Many iPhone users had already been AT&T customers, and improvements in network performance and family plans will also affect subscriber retention, he said. AT&T activated 2.4 million iPhones in the quarter. Congress and the FCC are looking into carriers’ smartphone exclusivity deals. AT&T and Apple have agreed not to disclose plans for their exclusive, including whether it will be extended, Lindner said. The company may be studying what will happen after the exclusive ends, some analysts said.

Wireless churn fell to 1.1 percent. There are opportunities in the prepaid market, but AT&T wouldn’t do anything to cannibalize its core contract service, Lindner said. Wireline saw income fall 27.5 percent year-over-year, but the business is stabilizing, Lindner said. On the upside, AT&T added 248,000 U-verse TV subscribers in the period. The company is relying on its own TV service and a partnership with DirecTV to stave off competition from cable providers. The partnership is going well, Lindner said.

The carrier is stepping up capital expenditure. It expects to spend 35 to 50 percent more in the second half of this year than it did in the first. Wireless will be a high priority, Lindner said. He added that the company will continue to add 3G coverage and capacity and offer backhaul between cell sites and switches.
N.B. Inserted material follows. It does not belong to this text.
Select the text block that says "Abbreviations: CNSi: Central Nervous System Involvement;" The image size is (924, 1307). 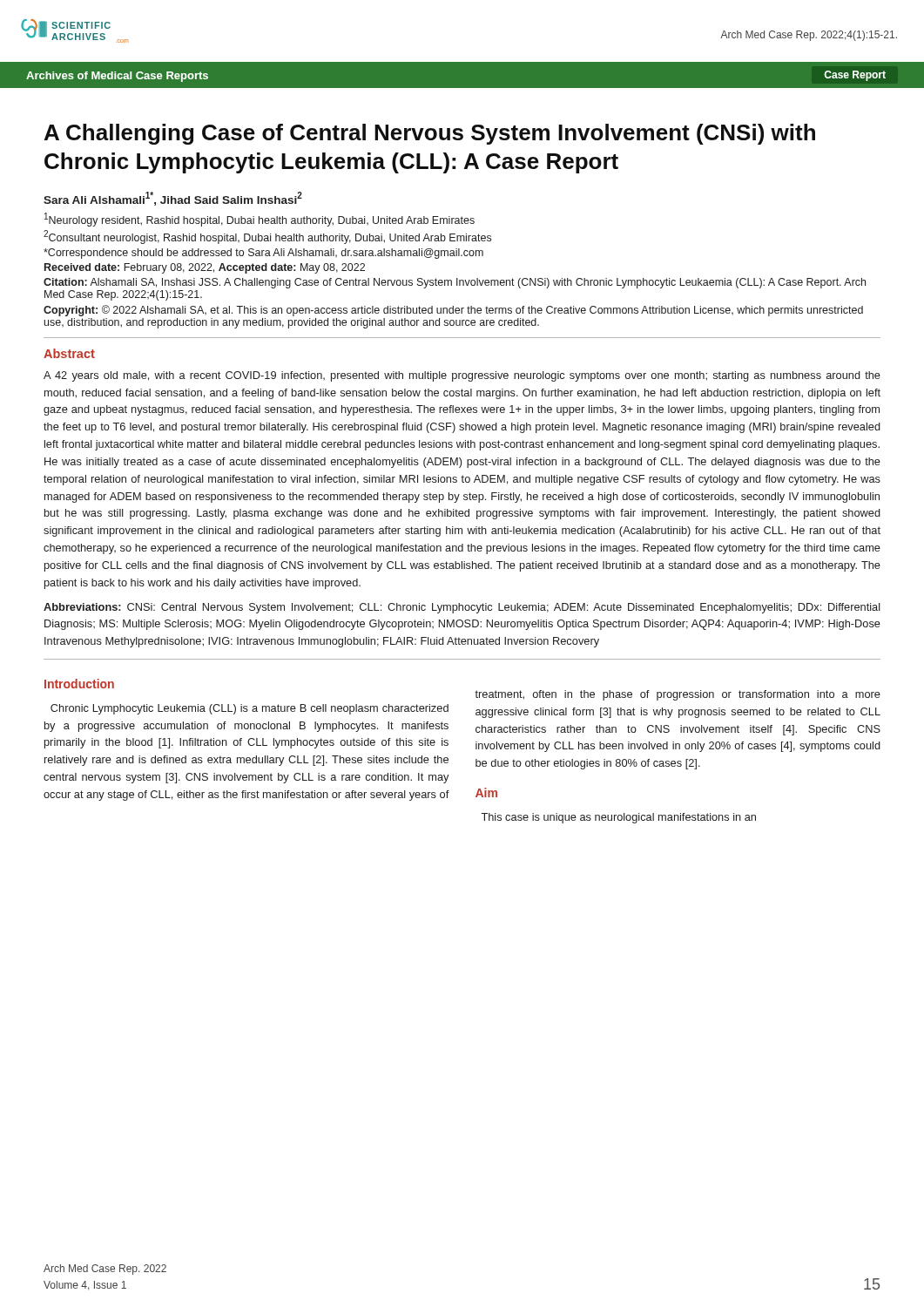pos(462,624)
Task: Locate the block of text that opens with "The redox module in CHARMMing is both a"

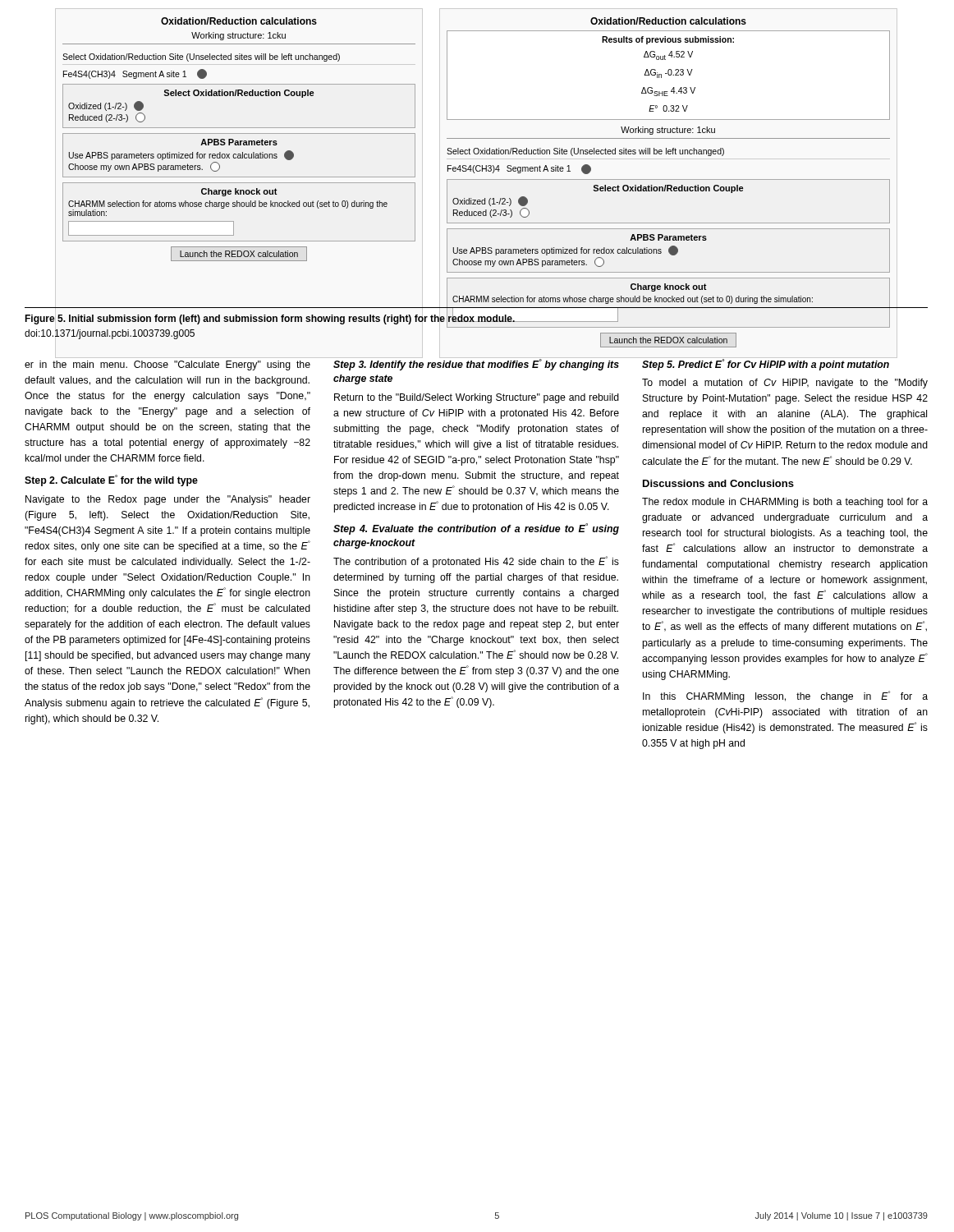Action: (785, 623)

Meanwhile, AT&T has reached a tentative agreement with the Telecommunications International Union in wireline contract negotiations covering members of Local 103 in California, the union said. The agreement offers additional earnings potential through a new sales title and increased flexibility in scheduling time off. But negotiations are continuing in other regions where contracts expired April 4. They include East (CWA District 1), West (CWA District 9), Southwest (District 6) and Legacy T (CWA ComTech unit). In the Southeast region (CWA District 3) where the contract expires on August 8, negotiations are also ongoing. The IBEW core wireline contracts, for employees mostly in Illinois and northwestern Indiana, are also under negotiation (those contracts expired June 27). About 120,000 employees totaled are covered by the contracts.